The Collocation Boundary Element Method Revisited: Perfect Code for 2d Problems

The paper reviews the collocation boundary element method (BEM) exactly as it has been originally proposed on the basis of a weighted residuals statement that leads to Somigliana’s identity, but with two subtle conceptual improvements for a generally curved boundary: (a) the interpolation function for normal fluxes or traction forces (for potential or elasticity problems) must be redefined and (b) only Gauss-Legendre quadrature turns out to be required if the numerical integration issues are mathematically adequately stated.
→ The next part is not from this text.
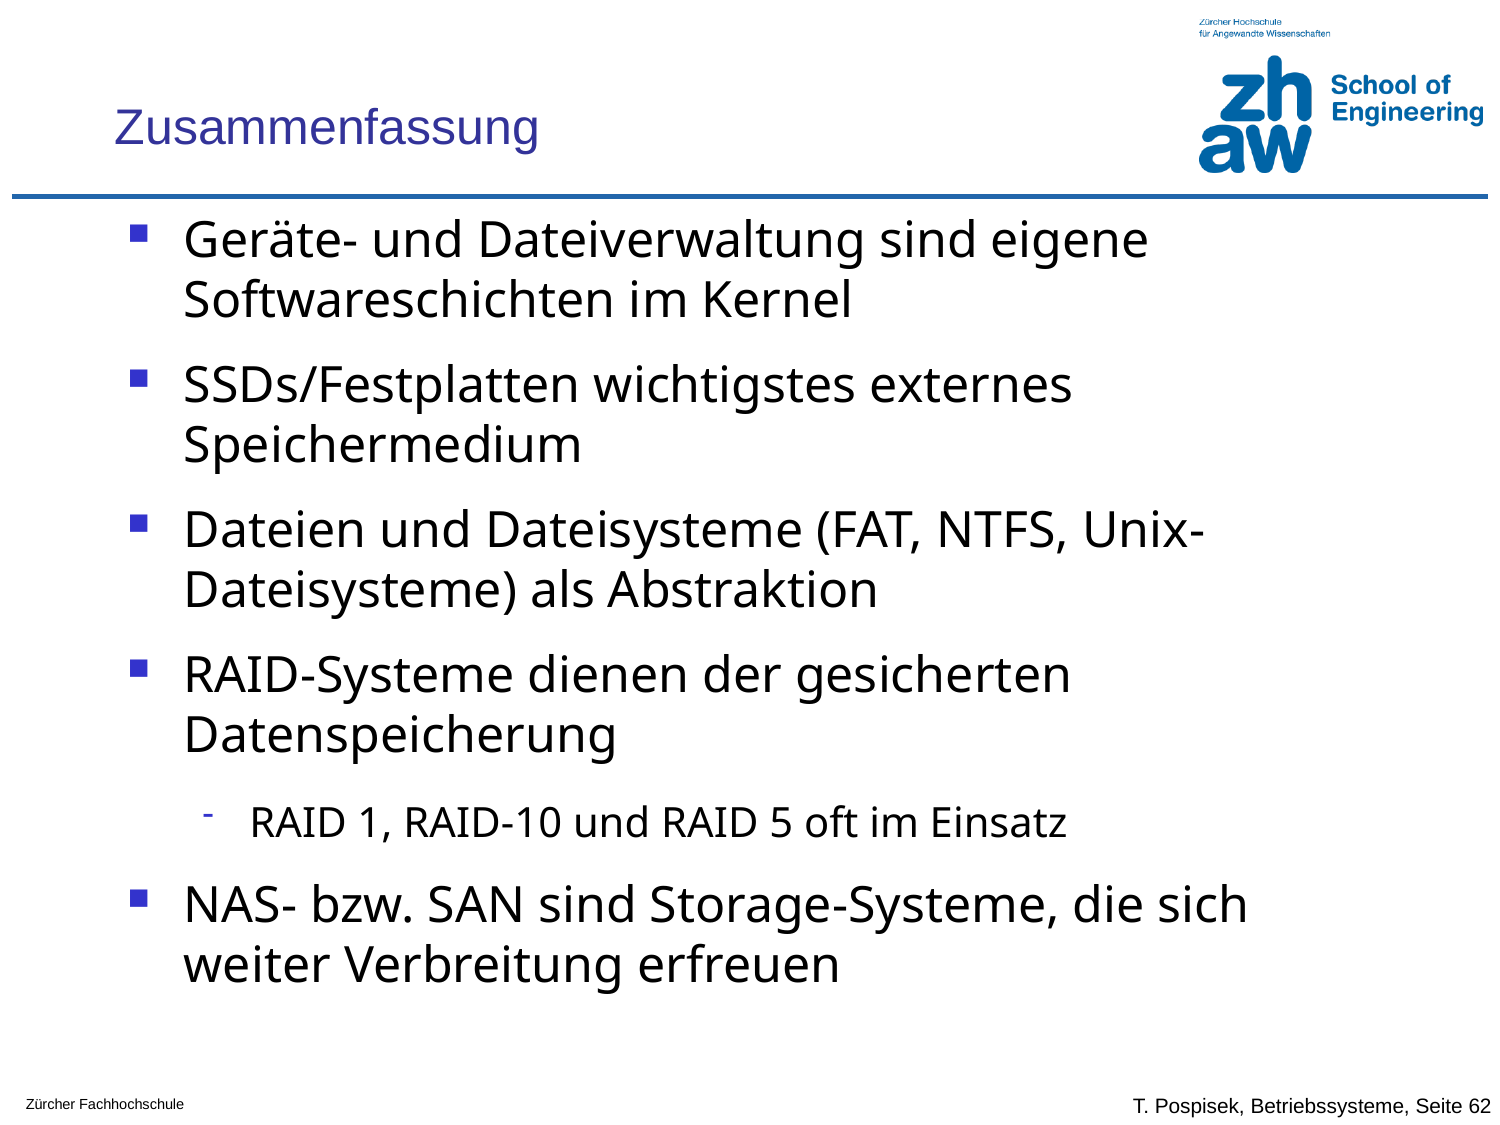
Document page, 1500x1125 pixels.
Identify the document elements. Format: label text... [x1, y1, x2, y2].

A simple, unified code is proposed – as presently shown for 2D problems – to arrive at arbitrarily high computational accuracy of the constituent matrices as well as of results at internal points independently from how convoluted a problem’s topology may be (but given the representation limitations of a discretization mesh). In fact, the higher the effect of a quasi-singularity may be, as for an internal point infinitely close to the boundary, the more accurate a result is achievable with just a few number of quadrature points. A collateral, but not less relevant, outcome of the pro- posed developments is that regularization methods, special quadrature schemes and so many methods that intend to conceptually deviate from the originally stated BEM as an attempt to offer numerical improvements are actually unnecessary (they are in most cases just misleading). Moreover, the inaccurate, albeit popular constant element is actually not simpler to deal with than high-order elements. Owing to space restrictions, most of the detailed developments as well as the hopefully very convincing numerical results deal with potential problems, although the more general problem of elasticity is adequately posed and assessed.